You wouldn't say _россиянка_ here, but abroad and in this specific _didactic Russian _it would be more acceptable. After all, there is nothing wrong with this word: it was in use since at least the 18th century, and only went out of favor in the Soviet times following the disappearance of the country those _россияне_ inhabited. Yeltsin was trying to reintroduce _россиянин/россиянка_ in the 90's, without much success, yet I think it is inevitable that this word will become pretty standard some time in the future, especially with all the immigrational disaster we are experiencing now.

_Родом из_ is very good indeed, probably the best variant.


----------



## amazingenough

Словеса said:


> The point is, there is nothing but personal opinions for this question, so indeed you can't predict how someone else will react. So here, nobody was more right than the others.



здесь нет никаких персональных предпочтений. И все чрезвычайно просто. Человек либо русский по национальности, либо нет. Или полукровка. 

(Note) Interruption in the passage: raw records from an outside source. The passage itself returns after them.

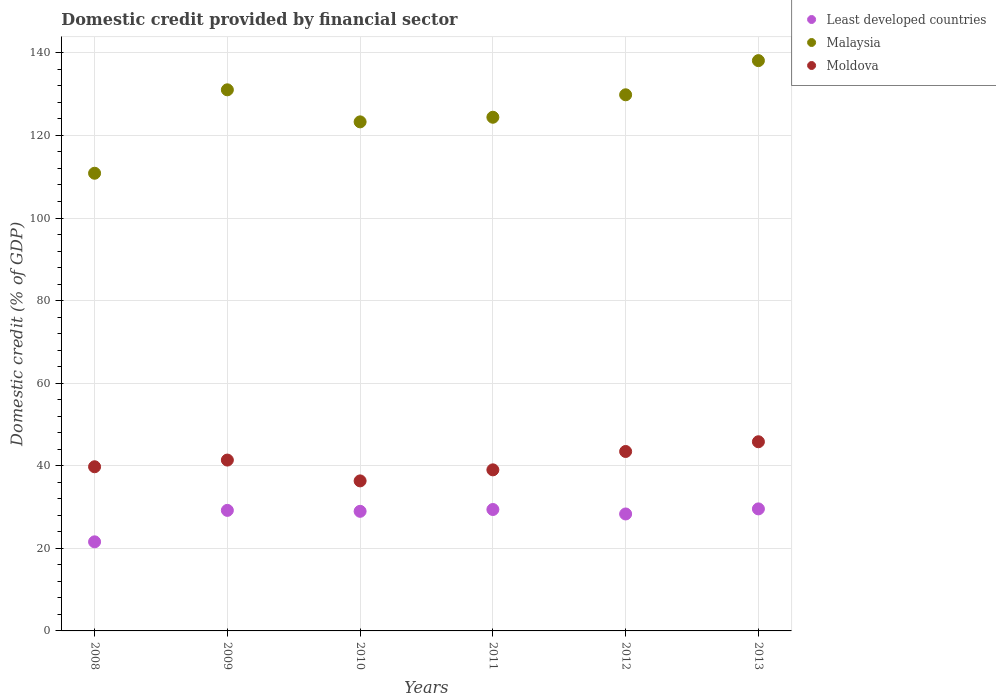What is the domestic credit in Malaysia in 2010?
Make the answer very short. 123.29. Across all years, what is the maximum domestic credit in Malaysia?
Give a very brief answer. 138.12. Across all years, what is the minimum domestic credit in Moldova?
Offer a very short reply. 36.34. In which year was the domestic credit in Malaysia maximum?
Provide a short and direct response. 2013. What is the total domestic credit in Moldova in the graph?
Provide a short and direct response. 245.76. What is the difference between the domestic credit in Moldova in 2010 and that in 2012?
Provide a succinct answer. -7.12. What is the difference between the domestic credit in Moldova in 2013 and the domestic credit in Least developed countries in 2010?
Offer a terse response. 16.85. What is the average domestic credit in Moldova per year?
Provide a succinct answer. 40.96. In the year 2013, what is the difference between the domestic credit in Malaysia and domestic credit in Moldova?
Make the answer very short. 92.31. What is the ratio of the domestic credit in Malaysia in 2009 to that in 2011?
Ensure brevity in your answer.  1.05. What is the difference between the highest and the second highest domestic credit in Malaysia?
Offer a terse response. 7.07. What is the difference between the highest and the lowest domestic credit in Malaysia?
Your answer should be compact. 27.27. In how many years, is the domestic credit in Malaysia greater than the average domestic credit in Malaysia taken over all years?
Ensure brevity in your answer.  3. Is the sum of the domestic credit in Moldova in 2011 and 2013 greater than the maximum domestic credit in Least developed countries across all years?
Provide a succinct answer. Yes. Does the domestic credit in Least developed countries monotonically increase over the years?
Give a very brief answer. No. Is the domestic credit in Least developed countries strictly greater than the domestic credit in Malaysia over the years?
Give a very brief answer. No. What is the difference between two consecutive major ticks on the Y-axis?
Offer a terse response. 20. Are the values on the major ticks of Y-axis written in scientific E-notation?
Keep it short and to the point. No. Does the graph contain any zero values?
Ensure brevity in your answer.  No. Does the graph contain grids?
Ensure brevity in your answer.  Yes. Where does the legend appear in the graph?
Ensure brevity in your answer.  Top right. How many legend labels are there?
Offer a terse response. 3. What is the title of the graph?
Your answer should be very brief. Domestic credit provided by financial sector. What is the label or title of the X-axis?
Keep it short and to the point. Years. What is the label or title of the Y-axis?
Ensure brevity in your answer.  Domestic credit (% of GDP). What is the Domestic credit (% of GDP) of Least developed countries in 2008?
Provide a short and direct response. 21.58. What is the Domestic credit (% of GDP) of Malaysia in 2008?
Give a very brief answer. 110.85. What is the Domestic credit (% of GDP) in Moldova in 2008?
Make the answer very short. 39.76. What is the Domestic credit (% of GDP) of Least developed countries in 2009?
Provide a succinct answer. 29.19. What is the Domestic credit (% of GDP) of Malaysia in 2009?
Your answer should be compact. 131.05. What is the Domestic credit (% of GDP) in Moldova in 2009?
Offer a very short reply. 41.38. What is the Domestic credit (% of GDP) of Least developed countries in 2010?
Give a very brief answer. 28.97. What is the Domestic credit (% of GDP) in Malaysia in 2010?
Make the answer very short. 123.29. What is the Domestic credit (% of GDP) in Moldova in 2010?
Your answer should be compact. 36.34. What is the Domestic credit (% of GDP) in Least developed countries in 2011?
Provide a succinct answer. 29.41. What is the Domestic credit (% of GDP) in Malaysia in 2011?
Give a very brief answer. 124.41. What is the Domestic credit (% of GDP) of Moldova in 2011?
Make the answer very short. 39.01. What is the Domestic credit (% of GDP) in Least developed countries in 2012?
Ensure brevity in your answer.  28.33. What is the Domestic credit (% of GDP) of Malaysia in 2012?
Offer a terse response. 129.85. What is the Domestic credit (% of GDP) of Moldova in 2012?
Provide a succinct answer. 43.46. What is the Domestic credit (% of GDP) of Least developed countries in 2013?
Ensure brevity in your answer.  29.55. What is the Domestic credit (% of GDP) of Malaysia in 2013?
Give a very brief answer. 138.12. What is the Domestic credit (% of GDP) of Moldova in 2013?
Make the answer very short. 45.81. Across all years, what is the maximum Domestic credit (% of GDP) in Least developed countries?
Your answer should be very brief. 29.55. Across all years, what is the maximum Domestic credit (% of GDP) of Malaysia?
Offer a very short reply. 138.12. Across all years, what is the maximum Domestic credit (% of GDP) in Moldova?
Your response must be concise. 45.81. Across all years, what is the minimum Domestic credit (% of GDP) in Least developed countries?
Give a very brief answer. 21.58. Across all years, what is the minimum Domestic credit (% of GDP) of Malaysia?
Offer a very short reply. 110.85. Across all years, what is the minimum Domestic credit (% of GDP) of Moldova?
Your answer should be very brief. 36.34. What is the total Domestic credit (% of GDP) in Least developed countries in the graph?
Ensure brevity in your answer.  167.03. What is the total Domestic credit (% of GDP) of Malaysia in the graph?
Keep it short and to the point. 757.57. What is the total Domestic credit (% of GDP) of Moldova in the graph?
Provide a succinct answer. 245.76. What is the difference between the Domestic credit (% of GDP) in Least developed countries in 2008 and that in 2009?
Keep it short and to the point. -7.62. What is the difference between the Domestic credit (% of GDP) in Malaysia in 2008 and that in 2009?
Provide a succinct answer. -20.2. What is the difference between the Domestic credit (% of GDP) in Moldova in 2008 and that in 2009?
Keep it short and to the point. -1.62. What is the difference between the Domestic credit (% of GDP) in Least developed countries in 2008 and that in 2010?
Provide a short and direct response. -7.39. What is the difference between the Domestic credit (% of GDP) of Malaysia in 2008 and that in 2010?
Offer a very short reply. -12.44. What is the difference between the Domestic credit (% of GDP) in Moldova in 2008 and that in 2010?
Offer a terse response. 3.42. What is the difference between the Domestic credit (% of GDP) of Least developed countries in 2008 and that in 2011?
Offer a terse response. -7.83. What is the difference between the Domestic credit (% of GDP) in Malaysia in 2008 and that in 2011?
Your answer should be compact. -13.56. What is the difference between the Domestic credit (% of GDP) in Moldova in 2008 and that in 2011?
Provide a succinct answer. 0.75. What is the difference between the Domestic credit (% of GDP) of Least developed countries in 2008 and that in 2012?
Provide a succinct answer. -6.75. What is the difference between the Domestic credit (% of GDP) of Malaysia in 2008 and that in 2012?
Your answer should be compact. -19. What is the difference between the Domestic credit (% of GDP) in Moldova in 2008 and that in 2012?
Keep it short and to the point. -3.7. What is the difference between the Domestic credit (% of GDP) of Least developed countries in 2008 and that in 2013?
Provide a short and direct response. -7.98. What is the difference between the Domestic credit (% of GDP) in Malaysia in 2008 and that in 2013?
Keep it short and to the point. -27.27. What is the difference between the Domestic credit (% of GDP) in Moldova in 2008 and that in 2013?
Make the answer very short. -6.05. What is the difference between the Domestic credit (% of GDP) of Least developed countries in 2009 and that in 2010?
Offer a very short reply. 0.23. What is the difference between the Domestic credit (% of GDP) of Malaysia in 2009 and that in 2010?
Keep it short and to the point. 7.76. What is the difference between the Domestic credit (% of GDP) in Moldova in 2009 and that in 2010?
Offer a terse response. 5.04. What is the difference between the Domestic credit (% of GDP) in Least developed countries in 2009 and that in 2011?
Keep it short and to the point. -0.21. What is the difference between the Domestic credit (% of GDP) of Malaysia in 2009 and that in 2011?
Offer a very short reply. 6.65. What is the difference between the Domestic credit (% of GDP) of Moldova in 2009 and that in 2011?
Your response must be concise. 2.37. What is the difference between the Domestic credit (% of GDP) of Least developed countries in 2009 and that in 2012?
Keep it short and to the point. 0.87. What is the difference between the Domestic credit (% of GDP) of Malaysia in 2009 and that in 2012?
Make the answer very short. 1.21. What is the difference between the Domestic credit (% of GDP) in Moldova in 2009 and that in 2012?
Provide a short and direct response. -2.08. What is the difference between the Domestic credit (% of GDP) of Least developed countries in 2009 and that in 2013?
Make the answer very short. -0.36. What is the difference between the Domestic credit (% of GDP) in Malaysia in 2009 and that in 2013?
Offer a terse response. -7.07. What is the difference between the Domestic credit (% of GDP) of Moldova in 2009 and that in 2013?
Give a very brief answer. -4.43. What is the difference between the Domestic credit (% of GDP) in Least developed countries in 2010 and that in 2011?
Provide a short and direct response. -0.44. What is the difference between the Domestic credit (% of GDP) in Malaysia in 2010 and that in 2011?
Provide a succinct answer. -1.12. What is the difference between the Domestic credit (% of GDP) of Moldova in 2010 and that in 2011?
Offer a terse response. -2.68. What is the difference between the Domestic credit (% of GDP) of Least developed countries in 2010 and that in 2012?
Keep it short and to the point. 0.64. What is the difference between the Domestic credit (% of GDP) in Malaysia in 2010 and that in 2012?
Give a very brief answer. -6.56. What is the difference between the Domestic credit (% of GDP) of Moldova in 2010 and that in 2012?
Ensure brevity in your answer.  -7.12. What is the difference between the Domestic credit (% of GDP) in Least developed countries in 2010 and that in 2013?
Provide a succinct answer. -0.59. What is the difference between the Domestic credit (% of GDP) in Malaysia in 2010 and that in 2013?
Make the answer very short. -14.83. What is the difference between the Domestic credit (% of GDP) in Moldova in 2010 and that in 2013?
Provide a short and direct response. -9.48. What is the difference between the Domestic credit (% of GDP) in Least developed countries in 2011 and that in 2012?
Keep it short and to the point. 1.08. What is the difference between the Domestic credit (% of GDP) in Malaysia in 2011 and that in 2012?
Your answer should be very brief. -5.44. What is the difference between the Domestic credit (% of GDP) of Moldova in 2011 and that in 2012?
Keep it short and to the point. -4.45. What is the difference between the Domestic credit (% of GDP) in Least developed countries in 2011 and that in 2013?
Give a very brief answer. -0.15. What is the difference between the Domestic credit (% of GDP) of Malaysia in 2011 and that in 2013?
Your answer should be compact. -13.71. What is the difference between the Domestic credit (% of GDP) of Moldova in 2011 and that in 2013?
Provide a short and direct response. -6.8. What is the difference between the Domestic credit (% of GDP) of Least developed countries in 2012 and that in 2013?
Your answer should be compact. -1.23. What is the difference between the Domestic credit (% of GDP) of Malaysia in 2012 and that in 2013?
Your answer should be very brief. -8.27. What is the difference between the Domestic credit (% of GDP) of Moldova in 2012 and that in 2013?
Make the answer very short. -2.35. What is the difference between the Domestic credit (% of GDP) of Least developed countries in 2008 and the Domestic credit (% of GDP) of Malaysia in 2009?
Offer a very short reply. -109.48. What is the difference between the Domestic credit (% of GDP) in Least developed countries in 2008 and the Domestic credit (% of GDP) in Moldova in 2009?
Ensure brevity in your answer.  -19.8. What is the difference between the Domestic credit (% of GDP) in Malaysia in 2008 and the Domestic credit (% of GDP) in Moldova in 2009?
Give a very brief answer. 69.47. What is the difference between the Domestic credit (% of GDP) in Least developed countries in 2008 and the Domestic credit (% of GDP) in Malaysia in 2010?
Offer a very short reply. -101.71. What is the difference between the Domestic credit (% of GDP) of Least developed countries in 2008 and the Domestic credit (% of GDP) of Moldova in 2010?
Offer a very short reply. -14.76. What is the difference between the Domestic credit (% of GDP) in Malaysia in 2008 and the Domestic credit (% of GDP) in Moldova in 2010?
Provide a succinct answer. 74.51. What is the difference between the Domestic credit (% of GDP) of Least developed countries in 2008 and the Domestic credit (% of GDP) of Malaysia in 2011?
Give a very brief answer. -102.83. What is the difference between the Domestic credit (% of GDP) of Least developed countries in 2008 and the Domestic credit (% of GDP) of Moldova in 2011?
Make the answer very short. -17.43. What is the difference between the Domestic credit (% of GDP) in Malaysia in 2008 and the Domestic credit (% of GDP) in Moldova in 2011?
Give a very brief answer. 71.84. What is the difference between the Domestic credit (% of GDP) of Least developed countries in 2008 and the Domestic credit (% of GDP) of Malaysia in 2012?
Provide a succinct answer. -108.27. What is the difference between the Domestic credit (% of GDP) in Least developed countries in 2008 and the Domestic credit (% of GDP) in Moldova in 2012?
Make the answer very short. -21.88. What is the difference between the Domestic credit (% of GDP) in Malaysia in 2008 and the Domestic credit (% of GDP) in Moldova in 2012?
Provide a succinct answer. 67.39. What is the difference between the Domestic credit (% of GDP) of Least developed countries in 2008 and the Domestic credit (% of GDP) of Malaysia in 2013?
Keep it short and to the point. -116.54. What is the difference between the Domestic credit (% of GDP) of Least developed countries in 2008 and the Domestic credit (% of GDP) of Moldova in 2013?
Provide a short and direct response. -24.24. What is the difference between the Domestic credit (% of GDP) in Malaysia in 2008 and the Domestic credit (% of GDP) in Moldova in 2013?
Offer a very short reply. 65.03. What is the difference between the Domestic credit (% of GDP) in Least developed countries in 2009 and the Domestic credit (% of GDP) in Malaysia in 2010?
Your answer should be compact. -94.1. What is the difference between the Domestic credit (% of GDP) in Least developed countries in 2009 and the Domestic credit (% of GDP) in Moldova in 2010?
Give a very brief answer. -7.14. What is the difference between the Domestic credit (% of GDP) of Malaysia in 2009 and the Domestic credit (% of GDP) of Moldova in 2010?
Offer a very short reply. 94.72. What is the difference between the Domestic credit (% of GDP) in Least developed countries in 2009 and the Domestic credit (% of GDP) in Malaysia in 2011?
Offer a terse response. -95.21. What is the difference between the Domestic credit (% of GDP) of Least developed countries in 2009 and the Domestic credit (% of GDP) of Moldova in 2011?
Your answer should be compact. -9.82. What is the difference between the Domestic credit (% of GDP) of Malaysia in 2009 and the Domestic credit (% of GDP) of Moldova in 2011?
Ensure brevity in your answer.  92.04. What is the difference between the Domestic credit (% of GDP) in Least developed countries in 2009 and the Domestic credit (% of GDP) in Malaysia in 2012?
Give a very brief answer. -100.65. What is the difference between the Domestic credit (% of GDP) in Least developed countries in 2009 and the Domestic credit (% of GDP) in Moldova in 2012?
Your answer should be very brief. -14.27. What is the difference between the Domestic credit (% of GDP) of Malaysia in 2009 and the Domestic credit (% of GDP) of Moldova in 2012?
Offer a terse response. 87.59. What is the difference between the Domestic credit (% of GDP) in Least developed countries in 2009 and the Domestic credit (% of GDP) in Malaysia in 2013?
Provide a short and direct response. -108.93. What is the difference between the Domestic credit (% of GDP) in Least developed countries in 2009 and the Domestic credit (% of GDP) in Moldova in 2013?
Your response must be concise. -16.62. What is the difference between the Domestic credit (% of GDP) in Malaysia in 2009 and the Domestic credit (% of GDP) in Moldova in 2013?
Offer a terse response. 85.24. What is the difference between the Domestic credit (% of GDP) of Least developed countries in 2010 and the Domestic credit (% of GDP) of Malaysia in 2011?
Ensure brevity in your answer.  -95.44. What is the difference between the Domestic credit (% of GDP) of Least developed countries in 2010 and the Domestic credit (% of GDP) of Moldova in 2011?
Ensure brevity in your answer.  -10.04. What is the difference between the Domestic credit (% of GDP) of Malaysia in 2010 and the Domestic credit (% of GDP) of Moldova in 2011?
Offer a terse response. 84.28. What is the difference between the Domestic credit (% of GDP) in Least developed countries in 2010 and the Domestic credit (% of GDP) in Malaysia in 2012?
Offer a terse response. -100.88. What is the difference between the Domestic credit (% of GDP) in Least developed countries in 2010 and the Domestic credit (% of GDP) in Moldova in 2012?
Your answer should be very brief. -14.49. What is the difference between the Domestic credit (% of GDP) in Malaysia in 2010 and the Domestic credit (% of GDP) in Moldova in 2012?
Give a very brief answer. 79.83. What is the difference between the Domestic credit (% of GDP) of Least developed countries in 2010 and the Domestic credit (% of GDP) of Malaysia in 2013?
Provide a succinct answer. -109.15. What is the difference between the Domestic credit (% of GDP) of Least developed countries in 2010 and the Domestic credit (% of GDP) of Moldova in 2013?
Provide a succinct answer. -16.85. What is the difference between the Domestic credit (% of GDP) of Malaysia in 2010 and the Domestic credit (% of GDP) of Moldova in 2013?
Make the answer very short. 77.48. What is the difference between the Domestic credit (% of GDP) of Least developed countries in 2011 and the Domestic credit (% of GDP) of Malaysia in 2012?
Give a very brief answer. -100.44. What is the difference between the Domestic credit (% of GDP) in Least developed countries in 2011 and the Domestic credit (% of GDP) in Moldova in 2012?
Ensure brevity in your answer.  -14.05. What is the difference between the Domestic credit (% of GDP) of Malaysia in 2011 and the Domestic credit (% of GDP) of Moldova in 2012?
Give a very brief answer. 80.95. What is the difference between the Domestic credit (% of GDP) of Least developed countries in 2011 and the Domestic credit (% of GDP) of Malaysia in 2013?
Give a very brief answer. -108.71. What is the difference between the Domestic credit (% of GDP) of Least developed countries in 2011 and the Domestic credit (% of GDP) of Moldova in 2013?
Provide a short and direct response. -16.41. What is the difference between the Domestic credit (% of GDP) of Malaysia in 2011 and the Domestic credit (% of GDP) of Moldova in 2013?
Provide a succinct answer. 78.59. What is the difference between the Domestic credit (% of GDP) of Least developed countries in 2012 and the Domestic credit (% of GDP) of Malaysia in 2013?
Provide a succinct answer. -109.79. What is the difference between the Domestic credit (% of GDP) in Least developed countries in 2012 and the Domestic credit (% of GDP) in Moldova in 2013?
Ensure brevity in your answer.  -17.49. What is the difference between the Domestic credit (% of GDP) of Malaysia in 2012 and the Domestic credit (% of GDP) of Moldova in 2013?
Provide a succinct answer. 84.03. What is the average Domestic credit (% of GDP) in Least developed countries per year?
Offer a terse response. 27.84. What is the average Domestic credit (% of GDP) of Malaysia per year?
Offer a very short reply. 126.26. What is the average Domestic credit (% of GDP) of Moldova per year?
Ensure brevity in your answer.  40.96. In the year 2008, what is the difference between the Domestic credit (% of GDP) in Least developed countries and Domestic credit (% of GDP) in Malaysia?
Make the answer very short. -89.27. In the year 2008, what is the difference between the Domestic credit (% of GDP) in Least developed countries and Domestic credit (% of GDP) in Moldova?
Offer a very short reply. -18.18. In the year 2008, what is the difference between the Domestic credit (% of GDP) of Malaysia and Domestic credit (% of GDP) of Moldova?
Provide a succinct answer. 71.09. In the year 2009, what is the difference between the Domestic credit (% of GDP) of Least developed countries and Domestic credit (% of GDP) of Malaysia?
Your response must be concise. -101.86. In the year 2009, what is the difference between the Domestic credit (% of GDP) of Least developed countries and Domestic credit (% of GDP) of Moldova?
Offer a very short reply. -12.19. In the year 2009, what is the difference between the Domestic credit (% of GDP) in Malaysia and Domestic credit (% of GDP) in Moldova?
Your answer should be very brief. 89.67. In the year 2010, what is the difference between the Domestic credit (% of GDP) in Least developed countries and Domestic credit (% of GDP) in Malaysia?
Your answer should be very brief. -94.32. In the year 2010, what is the difference between the Domestic credit (% of GDP) of Least developed countries and Domestic credit (% of GDP) of Moldova?
Offer a terse response. -7.37. In the year 2010, what is the difference between the Domestic credit (% of GDP) of Malaysia and Domestic credit (% of GDP) of Moldova?
Ensure brevity in your answer.  86.96. In the year 2011, what is the difference between the Domestic credit (% of GDP) of Least developed countries and Domestic credit (% of GDP) of Malaysia?
Provide a short and direct response. -95. In the year 2011, what is the difference between the Domestic credit (% of GDP) in Least developed countries and Domestic credit (% of GDP) in Moldova?
Your answer should be compact. -9.6. In the year 2011, what is the difference between the Domestic credit (% of GDP) in Malaysia and Domestic credit (% of GDP) in Moldova?
Keep it short and to the point. 85.4. In the year 2012, what is the difference between the Domestic credit (% of GDP) of Least developed countries and Domestic credit (% of GDP) of Malaysia?
Give a very brief answer. -101.52. In the year 2012, what is the difference between the Domestic credit (% of GDP) of Least developed countries and Domestic credit (% of GDP) of Moldova?
Your answer should be very brief. -15.13. In the year 2012, what is the difference between the Domestic credit (% of GDP) of Malaysia and Domestic credit (% of GDP) of Moldova?
Your answer should be very brief. 86.39. In the year 2013, what is the difference between the Domestic credit (% of GDP) in Least developed countries and Domestic credit (% of GDP) in Malaysia?
Give a very brief answer. -108.57. In the year 2013, what is the difference between the Domestic credit (% of GDP) in Least developed countries and Domestic credit (% of GDP) in Moldova?
Your answer should be very brief. -16.26. In the year 2013, what is the difference between the Domestic credit (% of GDP) in Malaysia and Domestic credit (% of GDP) in Moldova?
Offer a terse response. 92.31. What is the ratio of the Domestic credit (% of GDP) in Least developed countries in 2008 to that in 2009?
Keep it short and to the point. 0.74. What is the ratio of the Domestic credit (% of GDP) of Malaysia in 2008 to that in 2009?
Your answer should be compact. 0.85. What is the ratio of the Domestic credit (% of GDP) of Moldova in 2008 to that in 2009?
Ensure brevity in your answer.  0.96. What is the ratio of the Domestic credit (% of GDP) of Least developed countries in 2008 to that in 2010?
Keep it short and to the point. 0.74. What is the ratio of the Domestic credit (% of GDP) in Malaysia in 2008 to that in 2010?
Your response must be concise. 0.9. What is the ratio of the Domestic credit (% of GDP) in Moldova in 2008 to that in 2010?
Provide a succinct answer. 1.09. What is the ratio of the Domestic credit (% of GDP) of Least developed countries in 2008 to that in 2011?
Your answer should be compact. 0.73. What is the ratio of the Domestic credit (% of GDP) of Malaysia in 2008 to that in 2011?
Your response must be concise. 0.89. What is the ratio of the Domestic credit (% of GDP) of Moldova in 2008 to that in 2011?
Make the answer very short. 1.02. What is the ratio of the Domestic credit (% of GDP) of Least developed countries in 2008 to that in 2012?
Make the answer very short. 0.76. What is the ratio of the Domestic credit (% of GDP) of Malaysia in 2008 to that in 2012?
Your answer should be compact. 0.85. What is the ratio of the Domestic credit (% of GDP) in Moldova in 2008 to that in 2012?
Your response must be concise. 0.91. What is the ratio of the Domestic credit (% of GDP) of Least developed countries in 2008 to that in 2013?
Make the answer very short. 0.73. What is the ratio of the Domestic credit (% of GDP) of Malaysia in 2008 to that in 2013?
Provide a short and direct response. 0.8. What is the ratio of the Domestic credit (% of GDP) of Moldova in 2008 to that in 2013?
Keep it short and to the point. 0.87. What is the ratio of the Domestic credit (% of GDP) in Least developed countries in 2009 to that in 2010?
Your response must be concise. 1.01. What is the ratio of the Domestic credit (% of GDP) of Malaysia in 2009 to that in 2010?
Offer a terse response. 1.06. What is the ratio of the Domestic credit (% of GDP) of Moldova in 2009 to that in 2010?
Your answer should be compact. 1.14. What is the ratio of the Domestic credit (% of GDP) in Malaysia in 2009 to that in 2011?
Provide a succinct answer. 1.05. What is the ratio of the Domestic credit (% of GDP) of Moldova in 2009 to that in 2011?
Provide a succinct answer. 1.06. What is the ratio of the Domestic credit (% of GDP) of Least developed countries in 2009 to that in 2012?
Keep it short and to the point. 1.03. What is the ratio of the Domestic credit (% of GDP) in Malaysia in 2009 to that in 2012?
Your answer should be compact. 1.01. What is the ratio of the Domestic credit (% of GDP) of Moldova in 2009 to that in 2012?
Provide a short and direct response. 0.95. What is the ratio of the Domestic credit (% of GDP) in Least developed countries in 2009 to that in 2013?
Make the answer very short. 0.99. What is the ratio of the Domestic credit (% of GDP) of Malaysia in 2009 to that in 2013?
Your answer should be compact. 0.95. What is the ratio of the Domestic credit (% of GDP) of Moldova in 2009 to that in 2013?
Keep it short and to the point. 0.9. What is the ratio of the Domestic credit (% of GDP) of Least developed countries in 2010 to that in 2011?
Ensure brevity in your answer.  0.98. What is the ratio of the Domestic credit (% of GDP) in Malaysia in 2010 to that in 2011?
Offer a very short reply. 0.99. What is the ratio of the Domestic credit (% of GDP) in Moldova in 2010 to that in 2011?
Offer a very short reply. 0.93. What is the ratio of the Domestic credit (% of GDP) of Least developed countries in 2010 to that in 2012?
Provide a succinct answer. 1.02. What is the ratio of the Domestic credit (% of GDP) of Malaysia in 2010 to that in 2012?
Offer a terse response. 0.95. What is the ratio of the Domestic credit (% of GDP) in Moldova in 2010 to that in 2012?
Give a very brief answer. 0.84. What is the ratio of the Domestic credit (% of GDP) of Least developed countries in 2010 to that in 2013?
Your answer should be compact. 0.98. What is the ratio of the Domestic credit (% of GDP) in Malaysia in 2010 to that in 2013?
Your response must be concise. 0.89. What is the ratio of the Domestic credit (% of GDP) in Moldova in 2010 to that in 2013?
Provide a succinct answer. 0.79. What is the ratio of the Domestic credit (% of GDP) of Least developed countries in 2011 to that in 2012?
Give a very brief answer. 1.04. What is the ratio of the Domestic credit (% of GDP) in Malaysia in 2011 to that in 2012?
Your answer should be very brief. 0.96. What is the ratio of the Domestic credit (% of GDP) in Moldova in 2011 to that in 2012?
Offer a very short reply. 0.9. What is the ratio of the Domestic credit (% of GDP) in Least developed countries in 2011 to that in 2013?
Your response must be concise. 0.99. What is the ratio of the Domestic credit (% of GDP) of Malaysia in 2011 to that in 2013?
Give a very brief answer. 0.9. What is the ratio of the Domestic credit (% of GDP) of Moldova in 2011 to that in 2013?
Ensure brevity in your answer.  0.85. What is the ratio of the Domestic credit (% of GDP) in Least developed countries in 2012 to that in 2013?
Your response must be concise. 0.96. What is the ratio of the Domestic credit (% of GDP) in Malaysia in 2012 to that in 2013?
Provide a short and direct response. 0.94. What is the ratio of the Domestic credit (% of GDP) in Moldova in 2012 to that in 2013?
Make the answer very short. 0.95. What is the difference between the highest and the second highest Domestic credit (% of GDP) in Least developed countries?
Provide a short and direct response. 0.15. What is the difference between the highest and the second highest Domestic credit (% of GDP) of Malaysia?
Your answer should be compact. 7.07. What is the difference between the highest and the second highest Domestic credit (% of GDP) in Moldova?
Make the answer very short. 2.35. What is the difference between the highest and the lowest Domestic credit (% of GDP) of Least developed countries?
Provide a succinct answer. 7.98. What is the difference between the highest and the lowest Domestic credit (% of GDP) of Malaysia?
Your response must be concise. 27.27. What is the difference between the highest and the lowest Domestic credit (% of GDP) in Moldova?
Make the answer very short. 9.48.

Однако кем бы он ни был по нации, если у него паспорт РФ, то человек просто россиянин. Ты путаешь 2 разных концепции - с одной стороны гражданскую нацию (США, Бразилия или Израиль - любой, кто подписывается на ряд правил и проходит ряд процедур, может считать себя американцем, бразильцем или евреем) и с другой стороны этническую принадлежность, которую нельзя изменить. Т.е. нельзя быть "русским" евреем *(...).* Это не имеет смысла. Разве что-то может быть одновременно сладким и горьким? или круглым и квадратным? Нет.


----------



## Словеса

I was not speaking of ethnicities or nationalities. I was speaking of the language. In language, one word is used to mean a great number of things, one could not say the matter is "simple", if one is faithful. I would prefer to address each other with вы, please. I would also prefer to avoid referring to unidentified qualitative generalisations, that's not a nice way of talking and is not a way to resolve any issue or question. Also, notice that I did not suggest the locution "русский еврей" (or "русский удмурт", for that matter), you were the one who suggested it.


----------



## Angelo di fuoco

Угу... а в США уже давно считается политически некорректным говорить "негр" - вместо этого используется слово "афроамериканец" - по аналогии есть и "италоамериканцы", и много кто ещё. В чём здесь принципиальное отличие от якобы бессмысленного выражения "русский еврей"?


----------



## Maroseika

_*Moderatorial:*

Dear forerors,

Let me remind you the scope of the thread: it's not about afroamericans, Russian Jews or whatever else, it is *русский vs российский when applied to the persons. *And this question seems to have been exhaustively answered in the post # 2, to the greater satisfaction of the topicstarter.
So, if you wish to talk about a related subject that is different from the question  posed in the first post of the thread, open a new thread. 
_


----------



## service1077

This is correct.Russian means nationality, rossiiskaya mean belong to country


----------



## ahvalj

service1077 said:


> Russian means nationality


Ethnicity: English has reversed the original meanings of nationality and ethnicity. The Latin word _nātio_ (from _nātus_ "born") means "birth, origin, kin, tribe, ethnicity", i. e. relation by birth, whereas the Greek _ἔθνος_ (of unknown etymology) means "group, crowd, class, people", i. e. relation by aggregating.


----------